The default setting sorts the matrix by baseline long-term return — my personal favorite measure for conservative and realistic long-term portfolio expectations — but there are many options to choose from:
- Average Return
- Baseline Long-Term Return
- Baseline Short-Term Return
- Safe Withdrawal Rate
- Perpetual Withdrawal Rate
- Standard Deviation
- Ulcer Index
- Deepest Drawdown
- Longest Drawdown
- Start Date Sensitivity
I’ve described each in detail on the Portfolio Matrix page, but at a high level I’d like to point out two very important facts about these ten data points. First, I’ve deliberately kept it balanced with five “positive” return metrics and five “negative” risk metrics to keep every portfolio honest. And second, all of the metrics are start-date-independent and are completely free of recency bias. All portfolios have good and bad years, but these are all measures appropriate for the long haul and with a real sense of history.
I personally believe the resulting chart is helpful not only for taking a deep dive into a particular stat that is important for you but also for keeping an eye on the big-picture tradeoffs.
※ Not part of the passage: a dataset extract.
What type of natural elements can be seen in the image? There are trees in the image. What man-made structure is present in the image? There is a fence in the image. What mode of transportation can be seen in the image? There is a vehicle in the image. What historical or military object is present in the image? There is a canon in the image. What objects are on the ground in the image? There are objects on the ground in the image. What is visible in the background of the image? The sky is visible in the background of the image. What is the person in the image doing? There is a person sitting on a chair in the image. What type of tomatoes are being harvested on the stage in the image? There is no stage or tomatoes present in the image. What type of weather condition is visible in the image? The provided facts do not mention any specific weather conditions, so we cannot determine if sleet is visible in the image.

That’s because even if you sort by one metric you believe strongly in, the other nine scores are always right there to offer proper context. For an excellent example of that, let’s sort the list by average return.
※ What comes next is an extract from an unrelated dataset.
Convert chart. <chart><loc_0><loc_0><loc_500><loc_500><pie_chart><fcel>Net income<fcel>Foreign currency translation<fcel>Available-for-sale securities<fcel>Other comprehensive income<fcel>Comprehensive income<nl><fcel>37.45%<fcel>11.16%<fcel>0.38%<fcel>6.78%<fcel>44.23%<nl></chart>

Now do you see why I’m always harping on how average return is not the be-all-end-all in portfolio metrics? While the total stock market indeed topped the list for average return by a good amount, it finished dead last in virtually every other measure! And it’s not just the “risk” metrics that suffered, as the total stock market also fell behind in some very valuable positive returns metrics such as safe withdrawal rates and baseline returns. While investing all of your money in a single stock market fund might be just fine for some investors, it clearly carries substantial tradeoffs. So why not glance down the list to see what other portfolios have to offer?
Another thing I enjoy about the Portfolio Matrix is its ability to quickly change the rankings of every portfolio based on the home country you’re studying. Too much investing advice is written from the perspective of US investors, but not every portfolio performs the same in other countries. For example, would you have guessed that the total stock market portfolio was NOT the top-rated portfolio by average return in Canada? That honor goes to the Pinwheel Portfolio, an asset allocation with only 50% stocks and a healthy dose of asset diversification.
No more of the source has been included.